[Supplied material — start]
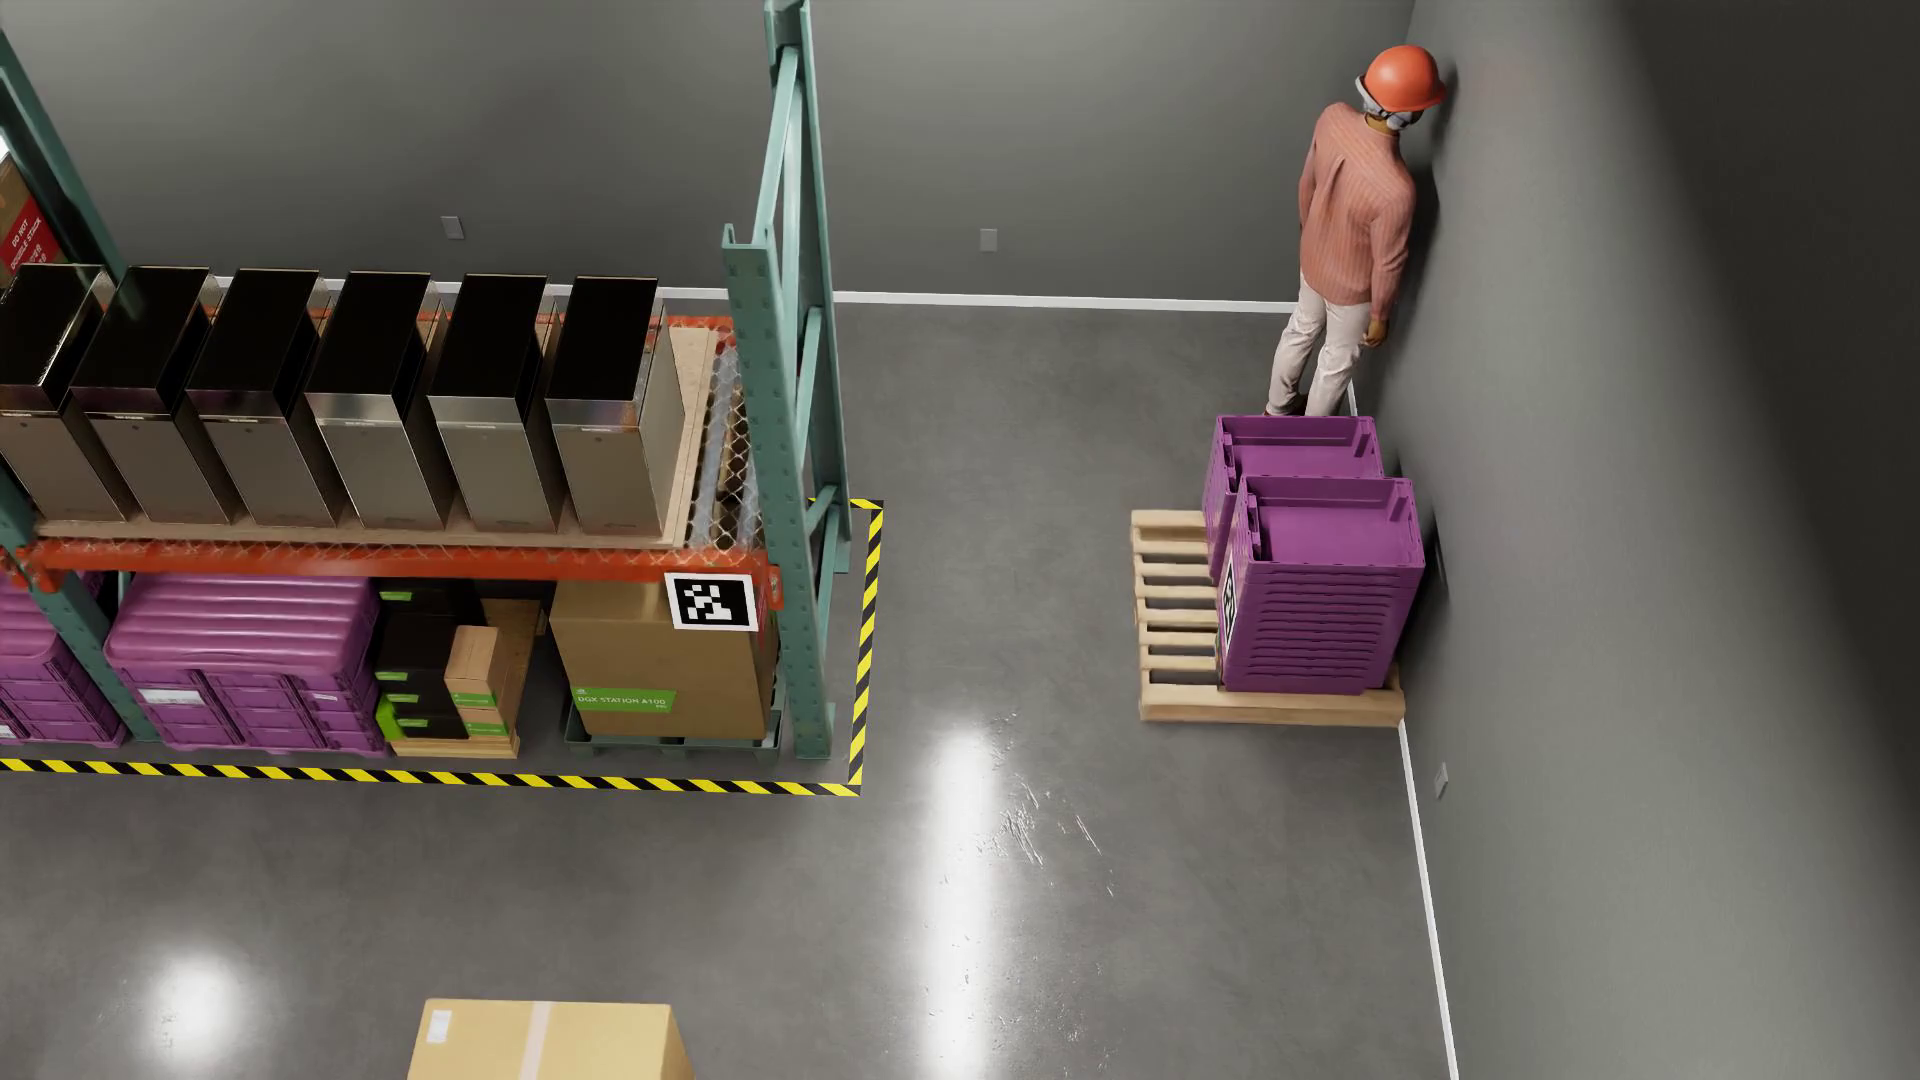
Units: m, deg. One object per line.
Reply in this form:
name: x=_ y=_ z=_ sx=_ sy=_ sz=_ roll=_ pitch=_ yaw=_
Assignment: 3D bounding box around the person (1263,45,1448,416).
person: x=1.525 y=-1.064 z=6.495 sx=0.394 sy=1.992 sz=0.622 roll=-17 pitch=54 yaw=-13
[Supplied material — finish]
[Supplied material — start]
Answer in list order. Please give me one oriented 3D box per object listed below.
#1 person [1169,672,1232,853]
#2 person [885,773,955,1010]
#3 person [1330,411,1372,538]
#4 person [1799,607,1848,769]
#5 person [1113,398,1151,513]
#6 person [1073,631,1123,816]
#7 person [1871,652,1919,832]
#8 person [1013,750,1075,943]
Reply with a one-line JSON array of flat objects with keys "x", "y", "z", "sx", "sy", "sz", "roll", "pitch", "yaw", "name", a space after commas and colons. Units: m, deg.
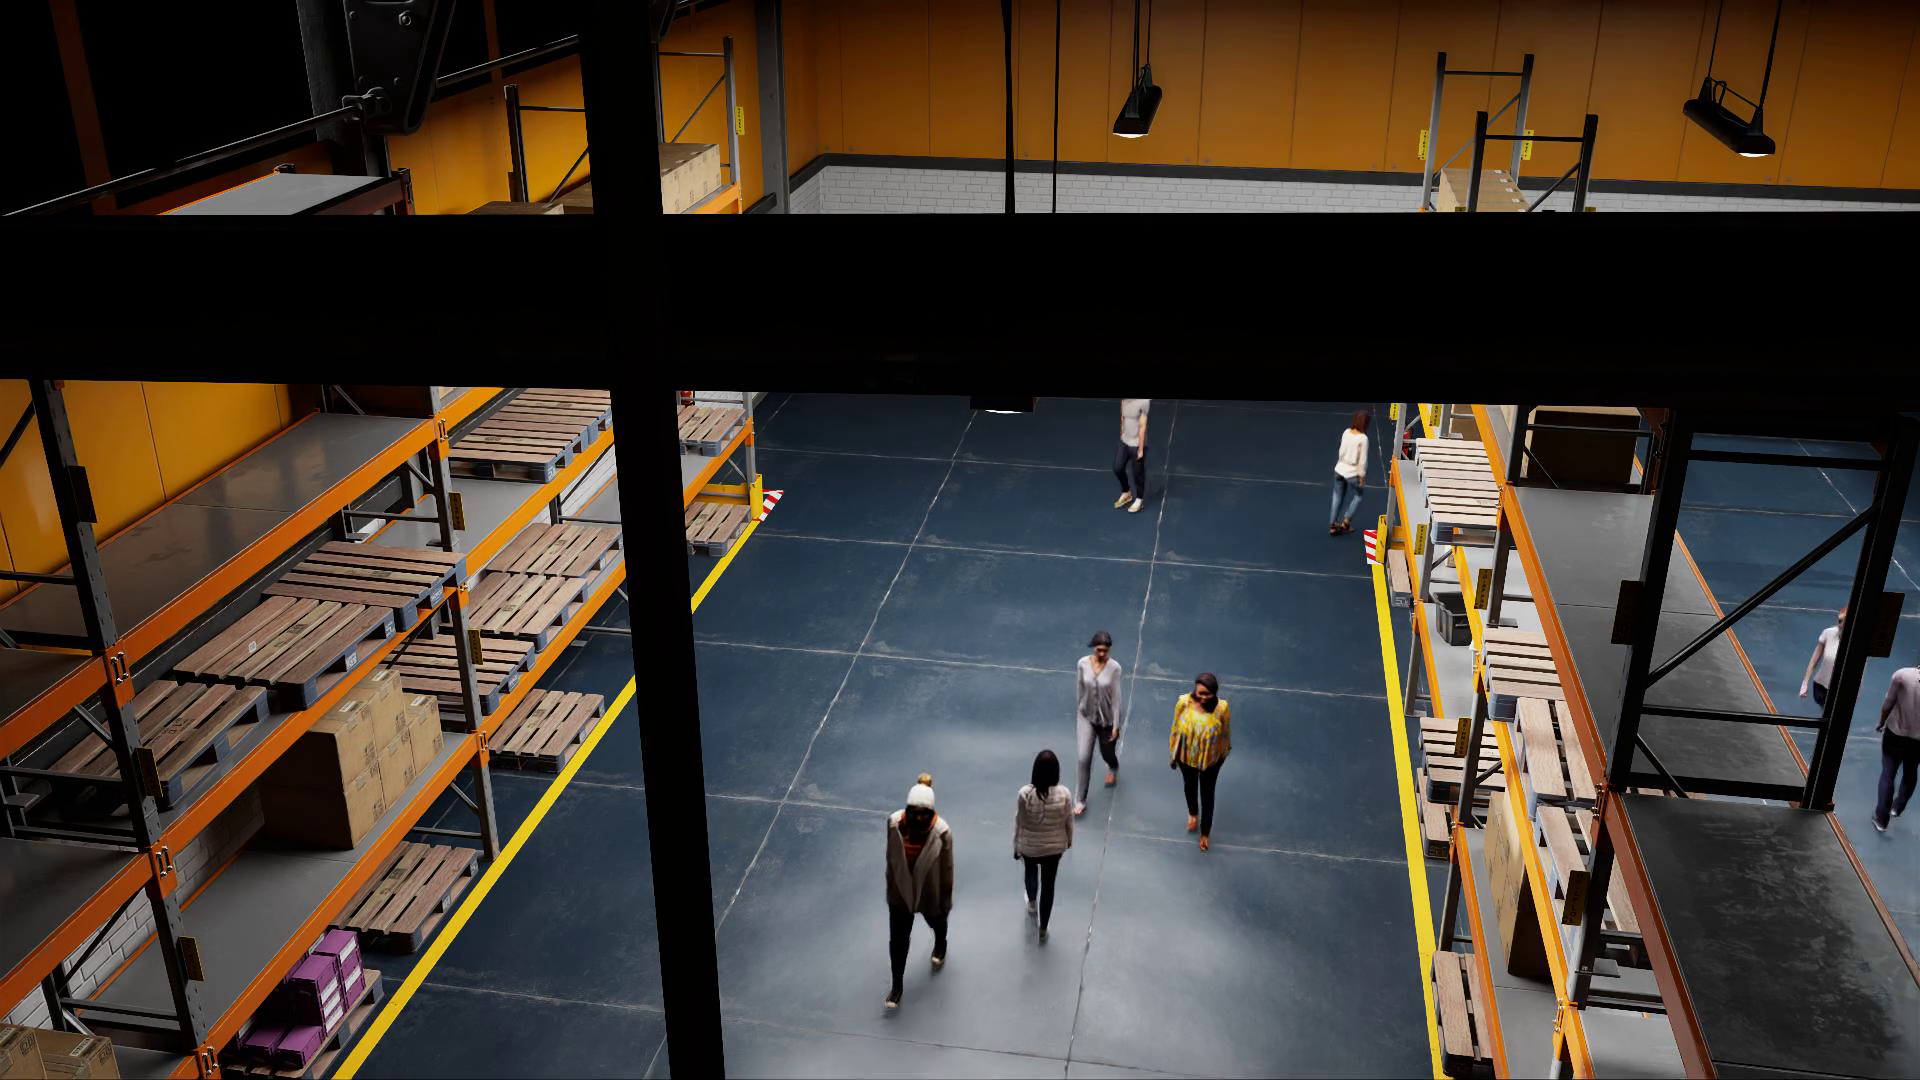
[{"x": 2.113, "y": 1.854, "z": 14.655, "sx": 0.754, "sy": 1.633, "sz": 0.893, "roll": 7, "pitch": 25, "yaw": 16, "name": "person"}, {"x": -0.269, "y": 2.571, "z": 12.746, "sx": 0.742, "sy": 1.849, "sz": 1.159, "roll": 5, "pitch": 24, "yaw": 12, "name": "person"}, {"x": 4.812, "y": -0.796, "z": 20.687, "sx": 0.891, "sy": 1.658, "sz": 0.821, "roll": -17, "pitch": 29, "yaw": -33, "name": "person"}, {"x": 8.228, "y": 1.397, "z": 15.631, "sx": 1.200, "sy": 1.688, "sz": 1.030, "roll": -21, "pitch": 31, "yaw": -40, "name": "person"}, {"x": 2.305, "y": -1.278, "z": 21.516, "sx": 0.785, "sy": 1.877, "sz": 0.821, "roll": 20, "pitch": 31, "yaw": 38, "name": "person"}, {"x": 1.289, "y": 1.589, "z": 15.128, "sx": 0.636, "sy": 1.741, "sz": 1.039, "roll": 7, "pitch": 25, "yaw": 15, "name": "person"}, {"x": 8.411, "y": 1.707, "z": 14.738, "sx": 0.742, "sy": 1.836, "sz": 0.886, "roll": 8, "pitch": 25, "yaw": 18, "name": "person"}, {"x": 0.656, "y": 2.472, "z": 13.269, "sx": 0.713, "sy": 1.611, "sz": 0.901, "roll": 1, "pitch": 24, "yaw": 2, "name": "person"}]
[Supplied material — finish]
> _Assignment_: Given the records above, restate word for word only the lines starting at the one with "#5 person [1113,398,1151,513]" and ending at the one with "#8 person [1013,750,1075,943]".

> _Exercise solution_:
#5 person [1113,398,1151,513]
#6 person [1073,631,1123,816]
#7 person [1871,652,1919,832]
#8 person [1013,750,1075,943]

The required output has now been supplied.